Actor base class (for low-level use):

from pulsing.core import Actor, ActorId

class MyActor(Actor):
    def on_start(self, actor_id: ActorId): ...   # lifecycle hook
    def on_stop(self): ...
    def metadata(self) -> dict[str, str]: ...     # diagnostics
    async def receive(self, msg): return msg       # sync or async, auto-detected

Zerocopy — optional fast path bypassing pickle for buffer objects (from pulsing.core or pulsing._core):

from pulsing.core import ZeroCopyDescriptor

class MyTensor:
    def __zerocopy__(self, ctx):
        return ZeroCopyDescriptor(
            buffers=[memoryview(self.buf)], dtype="float32",
            shape=[1024], strides=[4], transport="inline",
        )
# Missing __zerocopy__ → automatic pickle fallback
# Large buffers (>64KB) auto-use stream transfer (descriptor + chunked data)
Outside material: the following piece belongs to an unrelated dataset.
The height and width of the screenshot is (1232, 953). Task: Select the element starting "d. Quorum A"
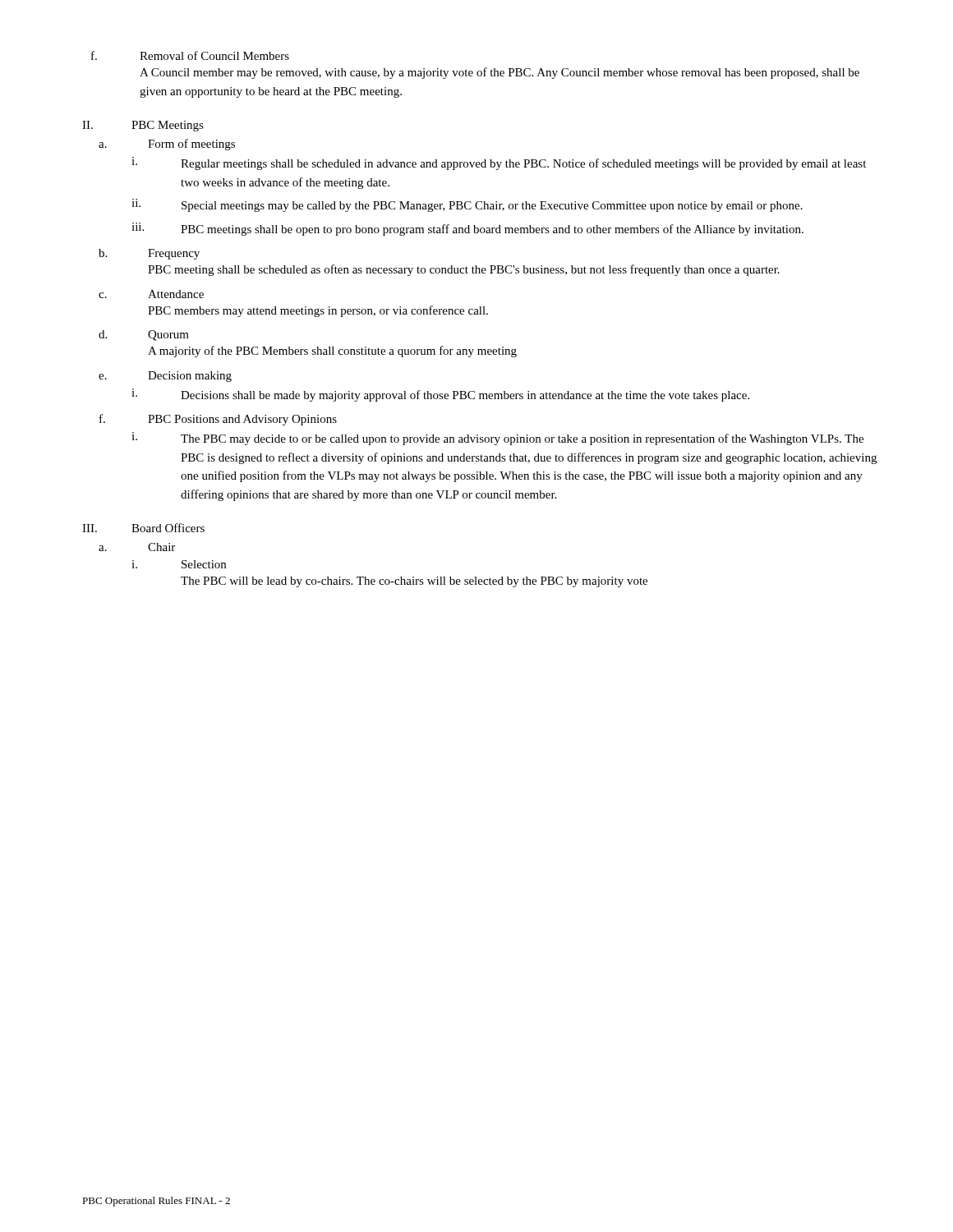click(485, 344)
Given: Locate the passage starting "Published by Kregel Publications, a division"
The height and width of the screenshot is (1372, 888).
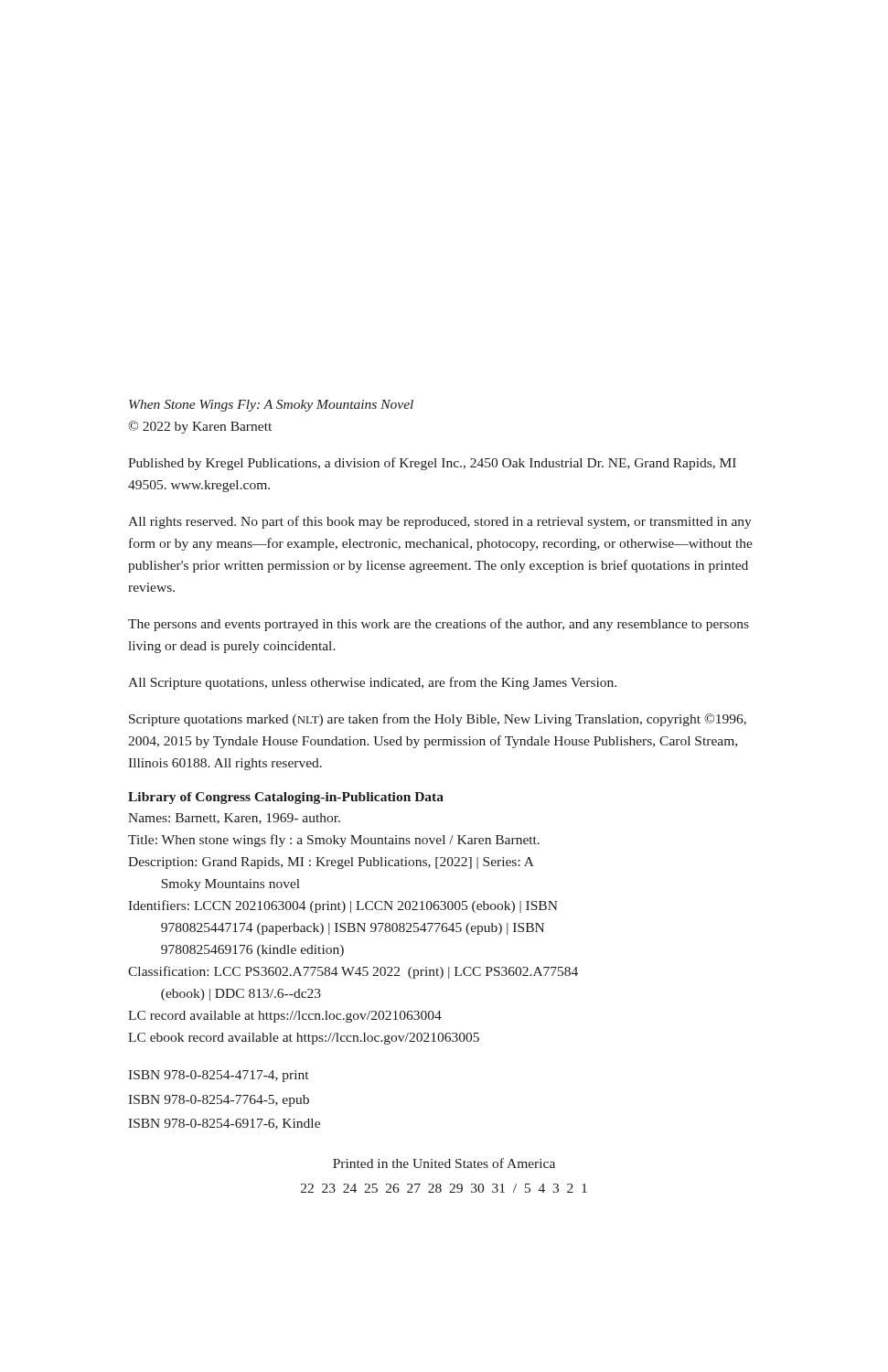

Env vars: PULSING_ZEROCOPY (auto/off/force), PULSING_ZEROCOPY_STREAM_THRESHOLD (default 65536), PULSING_ZEROCOPY_CHUNK_BYTES (default 1048576).


Rust API

Quick Start

use pulsing_actor::prelude::*;

#[derive(Serialize, Deserialize)] struct Ping(i32);
#[derive(Serialize, Deserialize)] struct Pong(i32);
struct Echo;

#[async_trait]
impl Actor for Echo {
    async fn receive(&mut self, msg: Message, _ctx: &mut ActorContext) -> anyhow::Result<Message> {
        let Ping(x) = msg.unpack()?;
        Message::pack(&Pong(x))
    }
}

let system = ActorSystem::builder().build().await?;
let echo = system.spawn_named("services/echo", Echo).await?;
let Pong(x): Pong = echo.ask(Ping(1)).await?;
system.shutdown().await?;

Spawn & Resolve

// Simple
system.spawn(actor).await?;                  // anonymous
system.spawn_named(name, actor).await?;      // named (resolvable)

// Builder pattern
system.spawning()
    .name("services/counter")
    .supervision(SupervisionSpec::on_failure().max_restarts(3))
    .mailbox_capacity(256)
    .spawn(actor).await?;

// Named + factory (restartable supervision)
system.spawn_named_factory(name, || Ok(Service::new()), options).await?;

// Resolve
system.resolve(name).await?;                 // one-shot
system.resolving().lazy(name)?;              // lazy + auto-refresh (~5s TTL)
system.resolving().node(id).policy(RoundRobinPolicy::new()).resolve(name).await?;

Operations

system.node_id(); system.addr(); system.members().await;
system.all_named_actors().await; system.stop(name).await?; system.shutdown().await?;

Behavior (Type-safe, Akka Typed style)

fn counter(init: i32) -> Behavior<i32> {
    stateful(init, |count, n, _ctx| { *count += n; BehaviorAction::Same })
}
let c = system.spawn_named("actors/counter", counter(0)).await?;

Key Conventions

  • Message encoding: Message::pack(&T) (bincode); cross-version: Message::single("TypeV1", bytes).
  • Streaming: Return Message::Stream, cancellation is best-effort.
  • Supervision: Only spawn_named_factory supports restart; anonymous actors do not.